Transcribe word for word the lines below from the line with "Make the answer very short. 2009." through the line with "Make the answer very short. 16.3.", ends included.

Excerpts from a dataset:
⟨

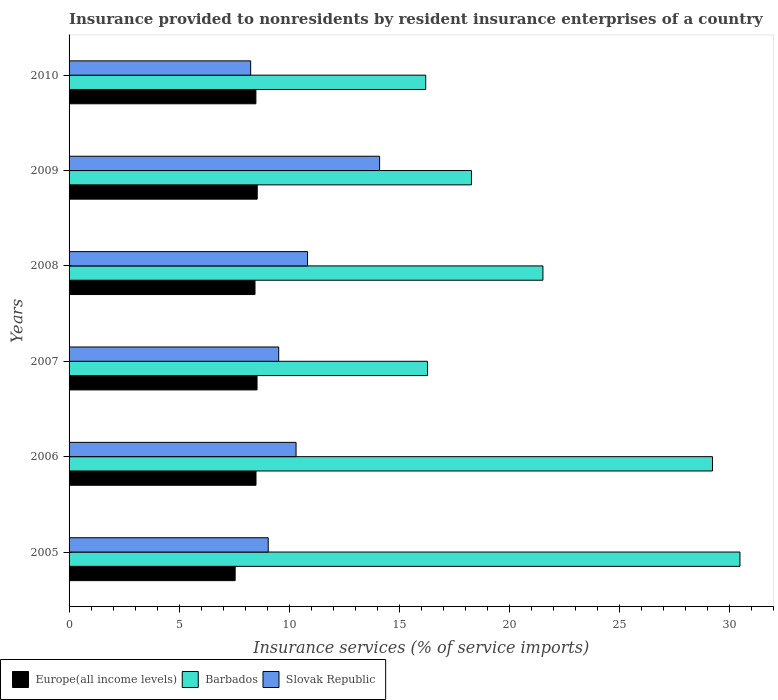How many different coloured bars are there?
Give a very brief answer. 3. How many groups of bars are there?
Your response must be concise. 6. Are the number of bars on each tick of the Y-axis equal?
Your answer should be compact. Yes. How many bars are there on the 1st tick from the top?
Your response must be concise. 3. How many bars are there on the 2nd tick from the bottom?
Provide a succinct answer. 3. What is the label of the 2nd group of bars from the top?
Make the answer very short. 2009. What is the insurance provided to nonresidents in Barbados in 2007?
Make the answer very short. 16.3. Across all years, what is the maximum insurance provided to nonresidents in Slovak Republic?
Offer a very short reply. 14.12. Across all years, what is the minimum insurance provided to nonresidents in Barbados?
Your response must be concise. 16.21. In which year was the insurance provided to nonresidents in Slovak Republic maximum?
Your answer should be very brief. 2009. What is the total insurance provided to nonresidents in Barbados in the graph?
Your response must be concise. 132.09. What is the difference between the insurance provided to nonresidents in Europe(all income levels) in 2006 and that in 2007?
Give a very brief answer. -0.05. What is the difference between the insurance provided to nonresidents in Slovak Republic in 2005 and the insurance provided to nonresidents in Barbados in 2008?
Offer a very short reply. -12.49. What is the average insurance provided to nonresidents in Slovak Republic per year?
Your response must be concise. 10.35. In the year 2007, what is the difference between the insurance provided to nonresidents in Barbados and insurance provided to nonresidents in Slovak Republic?
Your response must be concise. 6.77. What is the ratio of the insurance provided to nonresidents in Europe(all income levels) in 2006 to that in 2008?
Your response must be concise. 1.01. What is the difference between the highest and the second highest insurance provided to nonresidents in Europe(all income levels)?
Your response must be concise. 0.01. What is the difference between the highest and the lowest insurance provided to nonresidents in Europe(all income levels)?
Your response must be concise. 1. Is the sum of the insurance provided to nonresidents in Slovak Republic in 2005 and 2008 greater than the maximum insurance provided to nonresidents in Barbados across all years?
Your response must be concise. No. What does the 3rd bar from the top in 2008 represents?
Provide a short and direct response. Europe(all income levels). What does the 1st bar from the bottom in 2010 represents?
Your answer should be compact. Europe(all income levels). Is it the case that in every year, the sum of the insurance provided to nonresidents in Europe(all income levels) and insurance provided to nonresidents in Barbados is greater than the insurance provided to nonresidents in Slovak Republic?
Make the answer very short. Yes. How many bars are there?
Offer a very short reply. 18. Does the graph contain grids?
Offer a very short reply. No. Where does the legend appear in the graph?
Your answer should be very brief. Bottom left. How are the legend labels stacked?
Your answer should be very brief. Horizontal. What is the title of the graph?
Provide a short and direct response. Insurance provided to nonresidents by resident insurance enterprises of a country. Does "Philippines" appear as one of the legend labels in the graph?
Provide a succinct answer. No. What is the label or title of the X-axis?
Keep it short and to the point. Insurance services (% of service imports). What is the label or title of the Y-axis?
Your response must be concise. Years. What is the Insurance services (% of service imports) of Europe(all income levels) in 2005?
Offer a terse response. 7.55. What is the Insurance services (% of service imports) in Barbados in 2005?
Offer a terse response. 30.5. What is the Insurance services (% of service imports) in Slovak Republic in 2005?
Give a very brief answer. 9.05. What is the Insurance services (% of service imports) in Europe(all income levels) in 2006?
Ensure brevity in your answer.  8.5. What is the Insurance services (% of service imports) of Barbados in 2006?
Provide a succinct answer. 29.25. What is the Insurance services (% of service imports) in Slovak Republic in 2006?
Offer a very short reply. 10.32. What is the Insurance services (% of service imports) of Europe(all income levels) in 2007?
Ensure brevity in your answer.  8.55. What is the Insurance services (% of service imports) in Barbados in 2007?
Your response must be concise. 16.3. What is the Insurance services (% of service imports) of Slovak Republic in 2007?
Keep it short and to the point. 9.53. What is the Insurance services (% of service imports) of Europe(all income levels) in 2008?
Provide a succinct answer. 8.45. What is the Insurance services (% of service imports) of Barbados in 2008?
Your response must be concise. 21.54. What is the Insurance services (% of service imports) of Slovak Republic in 2008?
Your answer should be compact. 10.84. What is the Insurance services (% of service imports) of Europe(all income levels) in 2009?
Your response must be concise. 8.55. What is the Insurance services (% of service imports) of Barbados in 2009?
Give a very brief answer. 18.29. What is the Insurance services (% of service imports) of Slovak Republic in 2009?
Provide a short and direct response. 14.12. What is the Insurance services (% of service imports) of Europe(all income levels) in 2010?
Your answer should be very brief. 8.49. What is the Insurance services (% of service imports) of Barbados in 2010?
Your answer should be compact. 16.21. What is the Insurance services (% of service imports) in Slovak Republic in 2010?
Your answer should be very brief. 8.26. Across all years, what is the maximum Insurance services (% of service imports) of Europe(all income levels)?
Ensure brevity in your answer.  8.55. Across all years, what is the maximum Insurance services (% of service imports) in Barbados?
Your response must be concise. 30.5. Across all years, what is the maximum Insurance services (% of service imports) in Slovak Republic?
Provide a short and direct response. 14.12. Across all years, what is the minimum Insurance services (% of service imports) of Europe(all income levels)?
Make the answer very short. 7.55. Across all years, what is the minimum Insurance services (% of service imports) in Barbados?
Your answer should be very brief. 16.21. Across all years, what is the minimum Insurance services (% of service imports) in Slovak Republic?
Keep it short and to the point. 8.26. What is the total Insurance services (% of service imports) of Europe(all income levels) in the graph?
Your answer should be very brief. 50.09. What is the total Insurance services (% of service imports) of Barbados in the graph?
Offer a terse response. 132.09. What is the total Insurance services (% of service imports) in Slovak Republic in the graph?
Offer a very short reply. 62.11. What is the difference between the Insurance services (% of service imports) of Europe(all income levels) in 2005 and that in 2006?
Keep it short and to the point. -0.95. What is the difference between the Insurance services (% of service imports) of Barbados in 2005 and that in 2006?
Keep it short and to the point. 1.25. What is the difference between the Insurance services (% of service imports) in Slovak Republic in 2005 and that in 2006?
Ensure brevity in your answer.  -1.27. What is the difference between the Insurance services (% of service imports) in Europe(all income levels) in 2005 and that in 2007?
Provide a short and direct response. -1. What is the difference between the Insurance services (% of service imports) of Barbados in 2005 and that in 2007?
Offer a very short reply. 14.2. What is the difference between the Insurance services (% of service imports) of Slovak Republic in 2005 and that in 2007?
Give a very brief answer. -0.48. What is the difference between the Insurance services (% of service imports) of Europe(all income levels) in 2005 and that in 2008?
Offer a terse response. -0.9. What is the difference between the Insurance services (% of service imports) in Barbados in 2005 and that in 2008?
Provide a succinct answer. 8.96. What is the difference between the Insurance services (% of service imports) of Slovak Republic in 2005 and that in 2008?
Give a very brief answer. -1.79. What is the difference between the Insurance services (% of service imports) of Europe(all income levels) in 2005 and that in 2009?
Offer a very short reply. -1. What is the difference between the Insurance services (% of service imports) of Barbados in 2005 and that in 2009?
Your answer should be compact. 12.21. What is the difference between the Insurance services (% of service imports) of Slovak Republic in 2005 and that in 2009?
Give a very brief answer. -5.06. What is the difference between the Insurance services (% of service imports) of Europe(all income levels) in 2005 and that in 2010?
Your response must be concise. -0.94. What is the difference between the Insurance services (% of service imports) in Barbados in 2005 and that in 2010?
Your answer should be compact. 14.28. What is the difference between the Insurance services (% of service imports) in Slovak Republic in 2005 and that in 2010?
Make the answer very short. 0.8. What is the difference between the Insurance services (% of service imports) in Europe(all income levels) in 2006 and that in 2007?
Your answer should be compact. -0.05. What is the difference between the Insurance services (% of service imports) in Barbados in 2006 and that in 2007?
Ensure brevity in your answer.  12.95. What is the difference between the Insurance services (% of service imports) of Slovak Republic in 2006 and that in 2007?
Keep it short and to the point. 0.79. What is the difference between the Insurance services (% of service imports) in Europe(all income levels) in 2006 and that in 2008?
Keep it short and to the point. 0.05. What is the difference between the Insurance services (% of service imports) of Barbados in 2006 and that in 2008?
Ensure brevity in your answer.  7.71. What is the difference between the Insurance services (% of service imports) of Slovak Republic in 2006 and that in 2008?
Provide a succinct answer. -0.52. What is the difference between the Insurance services (% of service imports) of Europe(all income levels) in 2006 and that in 2009?
Your answer should be compact. -0.06. What is the difference between the Insurance services (% of service imports) in Barbados in 2006 and that in 2009?
Your answer should be very brief. 10.96. What is the difference between the Insurance services (% of service imports) in Slovak Republic in 2006 and that in 2009?
Provide a short and direct response. -3.8. What is the difference between the Insurance services (% of service imports) of Europe(all income levels) in 2006 and that in 2010?
Make the answer very short. 0.01. What is the difference between the Insurance services (% of service imports) of Barbados in 2006 and that in 2010?
Offer a terse response. 13.04. What is the difference between the Insurance services (% of service imports) in Slovak Republic in 2006 and that in 2010?
Offer a very short reply. 2.06. What is the difference between the Insurance services (% of service imports) in Europe(all income levels) in 2007 and that in 2008?
Make the answer very short. 0.09. What is the difference between the Insurance services (% of service imports) of Barbados in 2007 and that in 2008?
Your answer should be very brief. -5.24. What is the difference between the Insurance services (% of service imports) of Slovak Republic in 2007 and that in 2008?
Your answer should be very brief. -1.31. What is the difference between the Insurance services (% of service imports) of Europe(all income levels) in 2007 and that in 2009?
Provide a succinct answer. -0.01. What is the difference between the Insurance services (% of service imports) of Barbados in 2007 and that in 2009?
Keep it short and to the point. -2. What is the difference between the Insurance services (% of service imports) of Slovak Republic in 2007 and that in 2009?
Provide a short and direct response. -4.59. What is the difference between the Insurance services (% of service imports) in Europe(all income levels) in 2007 and that in 2010?
Provide a succinct answer. 0.05. What is the difference between the Insurance services (% of service imports) in Barbados in 2007 and that in 2010?
Keep it short and to the point. 0.08. What is the difference between the Insurance services (% of service imports) of Slovak Republic in 2007 and that in 2010?
Your response must be concise. 1.27. What is the difference between the Insurance services (% of service imports) of Europe(all income levels) in 2008 and that in 2009?
Offer a very short reply. -0.1. What is the difference between the Insurance services (% of service imports) of Barbados in 2008 and that in 2009?
Keep it short and to the point. 3.25. What is the difference between the Insurance services (% of service imports) of Slovak Republic in 2008 and that in 2009?
Provide a succinct answer. -3.28. What is the difference between the Insurance services (% of service imports) in Europe(all income levels) in 2008 and that in 2010?
Provide a short and direct response. -0.04. What is the difference between the Insurance services (% of service imports) of Barbados in 2008 and that in 2010?
Make the answer very short. 5.33. What is the difference between the Insurance services (% of service imports) of Slovak Republic in 2008 and that in 2010?
Ensure brevity in your answer.  2.58. What is the difference between the Insurance services (% of service imports) in Europe(all income levels) in 2009 and that in 2010?
Keep it short and to the point. 0.06. What is the difference between the Insurance services (% of service imports) in Barbados in 2009 and that in 2010?
Give a very brief answer. 2.08. What is the difference between the Insurance services (% of service imports) of Slovak Republic in 2009 and that in 2010?
Your answer should be compact. 5.86. What is the difference between the Insurance services (% of service imports) in Europe(all income levels) in 2005 and the Insurance services (% of service imports) in Barbados in 2006?
Your response must be concise. -21.7. What is the difference between the Insurance services (% of service imports) in Europe(all income levels) in 2005 and the Insurance services (% of service imports) in Slovak Republic in 2006?
Make the answer very short. -2.77. What is the difference between the Insurance services (% of service imports) of Barbados in 2005 and the Insurance services (% of service imports) of Slovak Republic in 2006?
Your response must be concise. 20.18. What is the difference between the Insurance services (% of service imports) of Europe(all income levels) in 2005 and the Insurance services (% of service imports) of Barbados in 2007?
Your answer should be compact. -8.75. What is the difference between the Insurance services (% of service imports) of Europe(all income levels) in 2005 and the Insurance services (% of service imports) of Slovak Republic in 2007?
Your answer should be very brief. -1.98. What is the difference between the Insurance services (% of service imports) of Barbados in 2005 and the Insurance services (% of service imports) of Slovak Republic in 2007?
Provide a succinct answer. 20.97. What is the difference between the Insurance services (% of service imports) in Europe(all income levels) in 2005 and the Insurance services (% of service imports) in Barbados in 2008?
Offer a very short reply. -13.99. What is the difference between the Insurance services (% of service imports) of Europe(all income levels) in 2005 and the Insurance services (% of service imports) of Slovak Republic in 2008?
Provide a succinct answer. -3.29. What is the difference between the Insurance services (% of service imports) in Barbados in 2005 and the Insurance services (% of service imports) in Slovak Republic in 2008?
Offer a very short reply. 19.66. What is the difference between the Insurance services (% of service imports) in Europe(all income levels) in 2005 and the Insurance services (% of service imports) in Barbados in 2009?
Offer a terse response. -10.74. What is the difference between the Insurance services (% of service imports) of Europe(all income levels) in 2005 and the Insurance services (% of service imports) of Slovak Republic in 2009?
Give a very brief answer. -6.57. What is the difference between the Insurance services (% of service imports) of Barbados in 2005 and the Insurance services (% of service imports) of Slovak Republic in 2009?
Keep it short and to the point. 16.38. What is the difference between the Insurance services (% of service imports) in Europe(all income levels) in 2005 and the Insurance services (% of service imports) in Barbados in 2010?
Your answer should be compact. -8.66. What is the difference between the Insurance services (% of service imports) in Europe(all income levels) in 2005 and the Insurance services (% of service imports) in Slovak Republic in 2010?
Your answer should be very brief. -0.71. What is the difference between the Insurance services (% of service imports) in Barbados in 2005 and the Insurance services (% of service imports) in Slovak Republic in 2010?
Offer a terse response. 22.24. What is the difference between the Insurance services (% of service imports) of Europe(all income levels) in 2006 and the Insurance services (% of service imports) of Barbados in 2007?
Offer a terse response. -7.8. What is the difference between the Insurance services (% of service imports) of Europe(all income levels) in 2006 and the Insurance services (% of service imports) of Slovak Republic in 2007?
Your answer should be compact. -1.03. What is the difference between the Insurance services (% of service imports) in Barbados in 2006 and the Insurance services (% of service imports) in Slovak Republic in 2007?
Provide a short and direct response. 19.72. What is the difference between the Insurance services (% of service imports) of Europe(all income levels) in 2006 and the Insurance services (% of service imports) of Barbados in 2008?
Provide a short and direct response. -13.04. What is the difference between the Insurance services (% of service imports) in Europe(all income levels) in 2006 and the Insurance services (% of service imports) in Slovak Republic in 2008?
Keep it short and to the point. -2.34. What is the difference between the Insurance services (% of service imports) in Barbados in 2006 and the Insurance services (% of service imports) in Slovak Republic in 2008?
Provide a short and direct response. 18.41. What is the difference between the Insurance services (% of service imports) in Europe(all income levels) in 2006 and the Insurance services (% of service imports) in Barbados in 2009?
Your answer should be very brief. -9.79. What is the difference between the Insurance services (% of service imports) in Europe(all income levels) in 2006 and the Insurance services (% of service imports) in Slovak Republic in 2009?
Your answer should be very brief. -5.62. What is the difference between the Insurance services (% of service imports) of Barbados in 2006 and the Insurance services (% of service imports) of Slovak Republic in 2009?
Keep it short and to the point. 15.13. What is the difference between the Insurance services (% of service imports) in Europe(all income levels) in 2006 and the Insurance services (% of service imports) in Barbados in 2010?
Your response must be concise. -7.72. What is the difference between the Insurance services (% of service imports) of Europe(all income levels) in 2006 and the Insurance services (% of service imports) of Slovak Republic in 2010?
Offer a terse response. 0.24. What is the difference between the Insurance services (% of service imports) in Barbados in 2006 and the Insurance services (% of service imports) in Slovak Republic in 2010?
Offer a terse response. 20.99. What is the difference between the Insurance services (% of service imports) of Europe(all income levels) in 2007 and the Insurance services (% of service imports) of Barbados in 2008?
Your answer should be very brief. -13. What is the difference between the Insurance services (% of service imports) of Europe(all income levels) in 2007 and the Insurance services (% of service imports) of Slovak Republic in 2008?
Offer a very short reply. -2.29. What is the difference between the Insurance services (% of service imports) in Barbados in 2007 and the Insurance services (% of service imports) in Slovak Republic in 2008?
Provide a short and direct response. 5.46. What is the difference between the Insurance services (% of service imports) of Europe(all income levels) in 2007 and the Insurance services (% of service imports) of Barbados in 2009?
Give a very brief answer. -9.75. What is the difference between the Insurance services (% of service imports) of Europe(all income levels) in 2007 and the Insurance services (% of service imports) of Slovak Republic in 2009?
Your response must be concise. -5.57. What is the difference between the Insurance services (% of service imports) of Barbados in 2007 and the Insurance services (% of service imports) of Slovak Republic in 2009?
Keep it short and to the point. 2.18. What is the difference between the Insurance services (% of service imports) in Europe(all income levels) in 2007 and the Insurance services (% of service imports) in Barbados in 2010?
Provide a short and direct response. -7.67. What is the difference between the Insurance services (% of service imports) in Europe(all income levels) in 2007 and the Insurance services (% of service imports) in Slovak Republic in 2010?
Make the answer very short. 0.29. What is the difference between the Insurance services (% of service imports) in Barbados in 2007 and the Insurance services (% of service imports) in Slovak Republic in 2010?
Your answer should be compact. 8.04. What is the difference between the Insurance services (% of service imports) in Europe(all income levels) in 2008 and the Insurance services (% of service imports) in Barbados in 2009?
Offer a terse response. -9.84. What is the difference between the Insurance services (% of service imports) of Europe(all income levels) in 2008 and the Insurance services (% of service imports) of Slovak Republic in 2009?
Your response must be concise. -5.66. What is the difference between the Insurance services (% of service imports) of Barbados in 2008 and the Insurance services (% of service imports) of Slovak Republic in 2009?
Provide a short and direct response. 7.42. What is the difference between the Insurance services (% of service imports) of Europe(all income levels) in 2008 and the Insurance services (% of service imports) of Barbados in 2010?
Offer a very short reply. -7.76. What is the difference between the Insurance services (% of service imports) in Europe(all income levels) in 2008 and the Insurance services (% of service imports) in Slovak Republic in 2010?
Your response must be concise. 0.2. What is the difference between the Insurance services (% of service imports) of Barbados in 2008 and the Insurance services (% of service imports) of Slovak Republic in 2010?
Give a very brief answer. 13.29. What is the difference between the Insurance services (% of service imports) in Europe(all income levels) in 2009 and the Insurance services (% of service imports) in Barbados in 2010?
Your answer should be very brief. -7.66. What is the difference between the Insurance services (% of service imports) in Europe(all income levels) in 2009 and the Insurance services (% of service imports) in Slovak Republic in 2010?
Provide a short and direct response. 0.3. What is the difference between the Insurance services (% of service imports) in Barbados in 2009 and the Insurance services (% of service imports) in Slovak Republic in 2010?
Provide a short and direct response. 10.04. What is the average Insurance services (% of service imports) in Europe(all income levels) per year?
Make the answer very short. 8.35. What is the average Insurance services (% of service imports) of Barbados per year?
Provide a short and direct response. 22.01. What is the average Insurance services (% of service imports) of Slovak Republic per year?
Offer a very short reply. 10.35. In the year 2005, what is the difference between the Insurance services (% of service imports) in Europe(all income levels) and Insurance services (% of service imports) in Barbados?
Ensure brevity in your answer.  -22.95. In the year 2005, what is the difference between the Insurance services (% of service imports) in Europe(all income levels) and Insurance services (% of service imports) in Slovak Republic?
Make the answer very short. -1.5. In the year 2005, what is the difference between the Insurance services (% of service imports) of Barbados and Insurance services (% of service imports) of Slovak Republic?
Your response must be concise. 21.44. In the year 2006, what is the difference between the Insurance services (% of service imports) of Europe(all income levels) and Insurance services (% of service imports) of Barbados?
Your answer should be very brief. -20.75. In the year 2006, what is the difference between the Insurance services (% of service imports) in Europe(all income levels) and Insurance services (% of service imports) in Slovak Republic?
Give a very brief answer. -1.82. In the year 2006, what is the difference between the Insurance services (% of service imports) of Barbados and Insurance services (% of service imports) of Slovak Republic?
Keep it short and to the point. 18.93. In the year 2007, what is the difference between the Insurance services (% of service imports) of Europe(all income levels) and Insurance services (% of service imports) of Barbados?
Ensure brevity in your answer.  -7.75. In the year 2007, what is the difference between the Insurance services (% of service imports) of Europe(all income levels) and Insurance services (% of service imports) of Slovak Republic?
Ensure brevity in your answer.  -0.98. In the year 2007, what is the difference between the Insurance services (% of service imports) in Barbados and Insurance services (% of service imports) in Slovak Republic?
Your response must be concise. 6.77. In the year 2008, what is the difference between the Insurance services (% of service imports) of Europe(all income levels) and Insurance services (% of service imports) of Barbados?
Your answer should be very brief. -13.09. In the year 2008, what is the difference between the Insurance services (% of service imports) of Europe(all income levels) and Insurance services (% of service imports) of Slovak Republic?
Your response must be concise. -2.39. In the year 2008, what is the difference between the Insurance services (% of service imports) of Barbados and Insurance services (% of service imports) of Slovak Republic?
Make the answer very short. 10.7. In the year 2009, what is the difference between the Insurance services (% of service imports) of Europe(all income levels) and Insurance services (% of service imports) of Barbados?
Provide a succinct answer. -9.74. In the year 2009, what is the difference between the Insurance services (% of service imports) in Europe(all income levels) and Insurance services (% of service imports) in Slovak Republic?
Ensure brevity in your answer.  -5.56. In the year 2009, what is the difference between the Insurance services (% of service imports) of Barbados and Insurance services (% of service imports) of Slovak Republic?
Make the answer very short. 4.18. In the year 2010, what is the difference between the Insurance services (% of service imports) in Europe(all income levels) and Insurance services (% of service imports) in Barbados?
Provide a short and direct response. -7.72. In the year 2010, what is the difference between the Insurance services (% of service imports) of Europe(all income levels) and Insurance services (% of service imports) of Slovak Republic?
Your response must be concise. 0.24. In the year 2010, what is the difference between the Insurance services (% of service imports) in Barbados and Insurance services (% of service imports) in Slovak Republic?
Your answer should be compact. 7.96. What is the ratio of the Insurance services (% of service imports) of Europe(all income levels) in 2005 to that in 2006?
Provide a succinct answer. 0.89. What is the ratio of the Insurance services (% of service imports) in Barbados in 2005 to that in 2006?
Your answer should be compact. 1.04. What is the ratio of the Insurance services (% of service imports) in Slovak Republic in 2005 to that in 2006?
Your answer should be very brief. 0.88. What is the ratio of the Insurance services (% of service imports) of Europe(all income levels) in 2005 to that in 2007?
Give a very brief answer. 0.88. What is the ratio of the Insurance services (% of service imports) in Barbados in 2005 to that in 2007?
Ensure brevity in your answer.  1.87. What is the ratio of the Insurance services (% of service imports) in Slovak Republic in 2005 to that in 2007?
Provide a short and direct response. 0.95. What is the ratio of the Insurance services (% of service imports) in Europe(all income levels) in 2005 to that in 2008?
Give a very brief answer. 0.89. What is the ratio of the Insurance services (% of service imports) of Barbados in 2005 to that in 2008?
Your response must be concise. 1.42. What is the ratio of the Insurance services (% of service imports) in Slovak Republic in 2005 to that in 2008?
Give a very brief answer. 0.84. What is the ratio of the Insurance services (% of service imports) in Europe(all income levels) in 2005 to that in 2009?
Ensure brevity in your answer.  0.88. What is the ratio of the Insurance services (% of service imports) of Barbados in 2005 to that in 2009?
Offer a very short reply. 1.67. What is the ratio of the Insurance services (% of service imports) of Slovak Republic in 2005 to that in 2009?
Your response must be concise. 0.64. What is the ratio of the Insurance services (% of service imports) in Europe(all income levels) in 2005 to that in 2010?
Ensure brevity in your answer.  0.89. What is the ratio of the Insurance services (% of service imports) in Barbados in 2005 to that in 2010?
Your response must be concise. 1.88. What is the ratio of the Insurance services (% of service imports) of Slovak Republic in 2005 to that in 2010?
Keep it short and to the point. 1.1. What is the ratio of the Insurance services (% of service imports) in Europe(all income levels) in 2006 to that in 2007?
Your answer should be compact. 0.99. What is the ratio of the Insurance services (% of service imports) of Barbados in 2006 to that in 2007?
Ensure brevity in your answer.  1.79. What is the ratio of the Insurance services (% of service imports) of Slovak Republic in 2006 to that in 2007?
Your answer should be very brief. 1.08. What is the ratio of the Insurance services (% of service imports) in Europe(all income levels) in 2006 to that in 2008?
Your answer should be very brief. 1.01. What is the ratio of the Insurance services (% of service imports) in Barbados in 2006 to that in 2008?
Provide a succinct answer. 1.36. What is the ratio of the Insurance services (% of service imports) in Europe(all income levels) in 2006 to that in 2009?
Offer a terse response. 0.99. What is the ratio of the Insurance services (% of service imports) of Barbados in 2006 to that in 2009?
Your response must be concise. 1.6. What is the ratio of the Insurance services (% of service imports) of Slovak Republic in 2006 to that in 2009?
Keep it short and to the point. 0.73. What is the ratio of the Insurance services (% of service imports) in Europe(all income levels) in 2006 to that in 2010?
Offer a terse response. 1. What is the ratio of the Insurance services (% of service imports) in Barbados in 2006 to that in 2010?
Offer a very short reply. 1.8. What is the ratio of the Insurance services (% of service imports) of Slovak Republic in 2006 to that in 2010?
Give a very brief answer. 1.25. What is the ratio of the Insurance services (% of service imports) in Barbados in 2007 to that in 2008?
Ensure brevity in your answer.  0.76. What is the ratio of the Insurance services (% of service imports) of Slovak Republic in 2007 to that in 2008?
Offer a very short reply. 0.88. What is the ratio of the Insurance services (% of service imports) of Europe(all income levels) in 2007 to that in 2009?
Your answer should be compact. 1. What is the ratio of the Insurance services (% of service imports) of Barbados in 2007 to that in 2009?
Your answer should be very brief. 0.89. What is the ratio of the Insurance services (% of service imports) of Slovak Republic in 2007 to that in 2009?
Keep it short and to the point. 0.68. What is the ratio of the Insurance services (% of service imports) of Slovak Republic in 2007 to that in 2010?
Provide a short and direct response. 1.15. What is the ratio of the Insurance services (% of service imports) in Barbados in 2008 to that in 2009?
Provide a succinct answer. 1.18. What is the ratio of the Insurance services (% of service imports) of Slovak Republic in 2008 to that in 2009?
Give a very brief answer. 0.77. What is the ratio of the Insurance services (% of service imports) in Barbados in 2008 to that in 2010?
Make the answer very short. 1.33. What is the ratio of the Insurance services (% of service imports) in Slovak Republic in 2008 to that in 2010?
Your response must be concise. 1.31. What is the ratio of the Insurance services (% of service imports) in Europe(all income levels) in 2009 to that in 2010?
Offer a very short reply. 1.01. What is the ratio of the Insurance services (% of service imports) of Barbados in 2009 to that in 2010?
Ensure brevity in your answer.  1.13. What is the ratio of the Insurance services (% of service imports) in Slovak Republic in 2009 to that in 2010?
Your answer should be compact. 1.71. What is the difference between the highest and the second highest Insurance services (% of service imports) of Europe(all income levels)?
Provide a short and direct response. 0.01. What is the difference between the highest and the second highest Insurance services (% of service imports) of Barbados?
Give a very brief answer. 1.25. What is the difference between the highest and the second highest Insurance services (% of service imports) in Slovak Republic?
Give a very brief answer. 3.28. What is the difference between the highest and the lowest Insurance services (% of service imports) of Barbados?
Offer a terse response. 14.28. What is the difference between the highest and the lowest Insurance services (% of service imports) of Slovak Republic?
Your response must be concise. 5.86.

⟩

= Answer for this exercise =
Make the answer very short. 2009. What is the insurance provided to nonresidents in Barbados in 2007?
Make the answer very short. 16.3. Across all years, what is the maximum insurance provided to nonresidents in Slovak Republic?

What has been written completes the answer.